> What to work on:
Keep only those lines of the records that include the string "expected".

Items from a dataset:
════════════════════

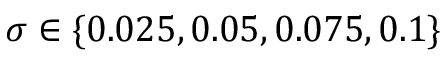<formula> <loc_0><loc_0><loc_500><loc_500>\sigma \in \{ 0 . 0 2 5 , 0 . 0 5 , 0 . 0 7 5 , 0 . 1 \}</formula> 
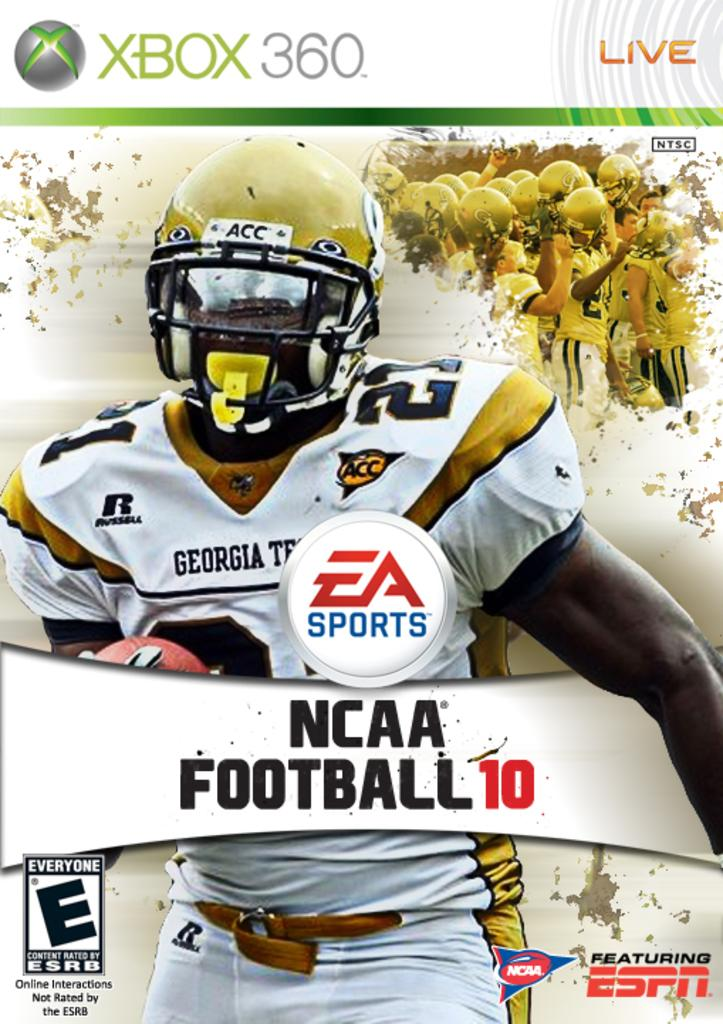What is present in the picture that contains information or visuals? There is a poster in the picture. What types of elements can be found on the poster? The poster contains logos, words, numbers, and images. Can you describe the cave that is present in the image? There is no cave present in the image; the image only contains a poster with various elements. What type of paint is used to create the images on the poster? The image does not provide information about the type of paint used, as it only shows the poster and its contents. 
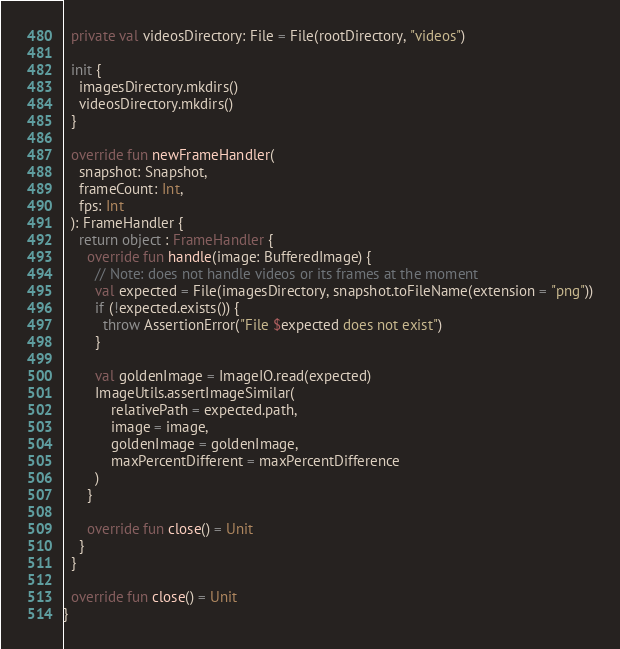<code> <loc_0><loc_0><loc_500><loc_500><_Kotlin_>  private val videosDirectory: File = File(rootDirectory, "videos")

  init {
    imagesDirectory.mkdirs()
    videosDirectory.mkdirs()
  }

  override fun newFrameHandler(
    snapshot: Snapshot,
    frameCount: Int,
    fps: Int
  ): FrameHandler {
    return object : FrameHandler {
      override fun handle(image: BufferedImage) {
        // Note: does not handle videos or its frames at the moment
        val expected = File(imagesDirectory, snapshot.toFileName(extension = "png"))
        if (!expected.exists()) {
          throw AssertionError("File $expected does not exist")
        }

        val goldenImage = ImageIO.read(expected)
        ImageUtils.assertImageSimilar(
            relativePath = expected.path,
            image = image,
            goldenImage = goldenImage,
            maxPercentDifferent = maxPercentDifference
        )
      }

      override fun close() = Unit
    }
  }

  override fun close() = Unit
}</code>

════════════════════

> Answer for this exercise:
        val expected = File(imagesDirectory, snapshot.toFileName(extension = "png"))
        if (!expected.exists()) {
          throw AssertionError("File $expected does not exist")
        val goldenImage = ImageIO.read(expected)
            relativePath = expected.path,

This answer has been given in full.